There are probably a couple of dozen compounds that, like resveratrol, extend life in the lab and could be developed for human applications, says Matt Kaeberlein, a molecular biologist at the University of Washington in Seattle. The ideal outcome of these drugs, though, will not be an infinitely long life, but rather an increase in "health span", or the number of years we have before age-related disease begins. "My guess is that they would work at the level of 15 per cent increase in lifespan and a few decades' increase in health span," he says. The best-case scenario, he speculates, is that "we live to 120 but don't start to get sick until 110".

This is more profound than it may seem: if science suddenly eliminated all forms of cancer, for instance, life expectancy at birth would only increase by about three years. Implicit in Kaeberlein's argument is that ageing cannot be separated from age-related disease; it's just a matter of time before its symptoms emerge. "It's a logical fallacy to talk about curing cancer or curing Alzheimer's," he says, despite the billions of dollars that have been spent on these efforts. "The system is breaking down.

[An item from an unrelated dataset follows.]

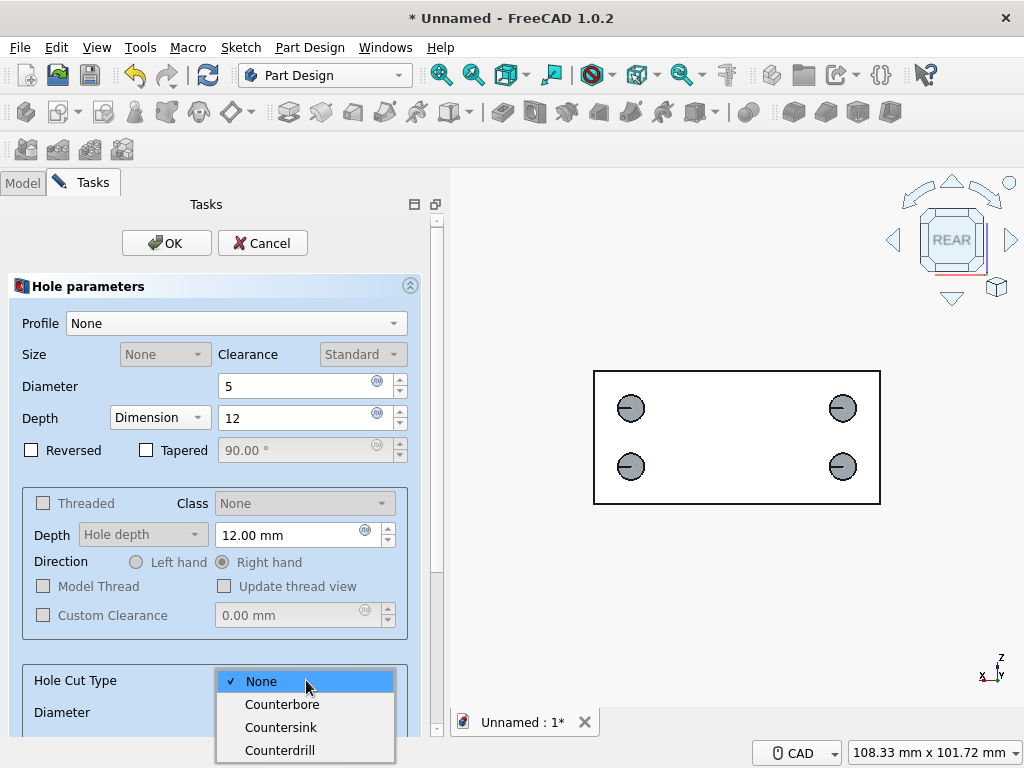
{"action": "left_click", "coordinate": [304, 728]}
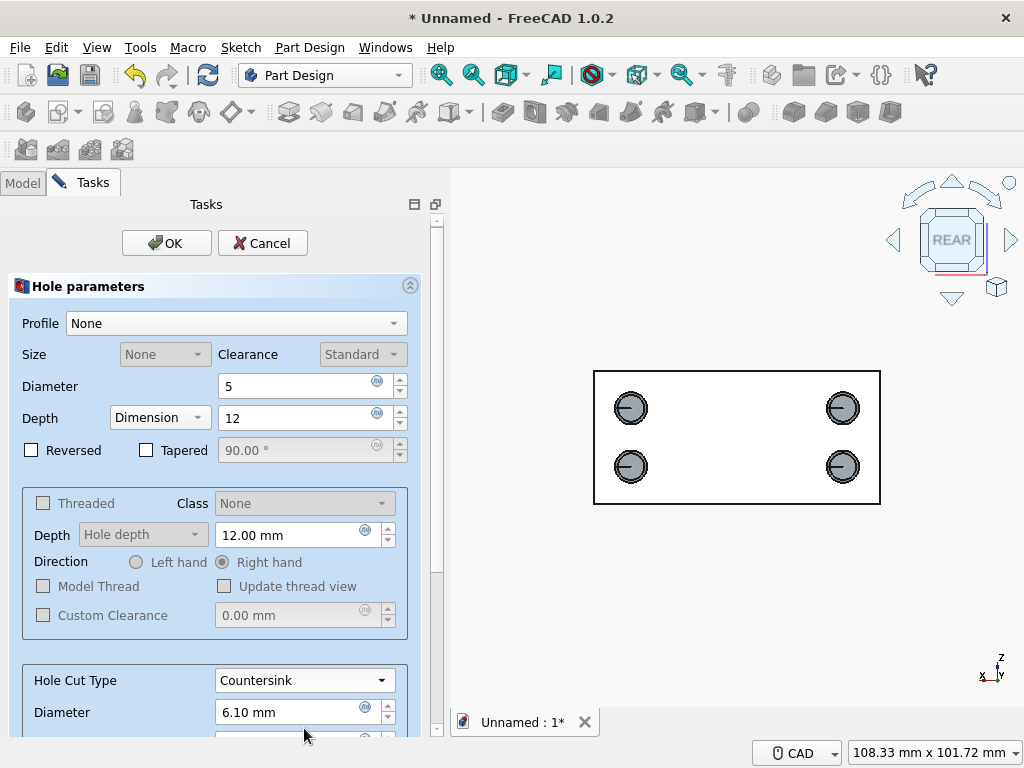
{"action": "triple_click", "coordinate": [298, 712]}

Until you actually deal with the underlying problem – which is the molecular changes that are occurring during ageing – you have zero chance of curing these diseases."

Staving off these diseases – in other words, preventative medicine – is what scientists should be focused on, rather than a silly quest for immortality, says Tom Kirkwood, an ageing expert at Newcastle University. "The agenda of focusing on a life without ageing diverts much-needed attention from the real agenda," Kirkwood said in a talk at the British Science Festival last year. As the world gets older and older, research funding should be funneled into studies that help elderly people mitigate their inevitable decline. "And if, at some time in the future, that leads to a life without ageing, I would be one of the first to celebrate," Kirkwood said. "But I ain't gonna be around to see it."

Walker doesn't accept the expert consensus that immortality is scientifically impossible. But he reluctantly agrees that it's unrealistic – if not because of the science, then because of all of the social, ethical and political problems that would come with it.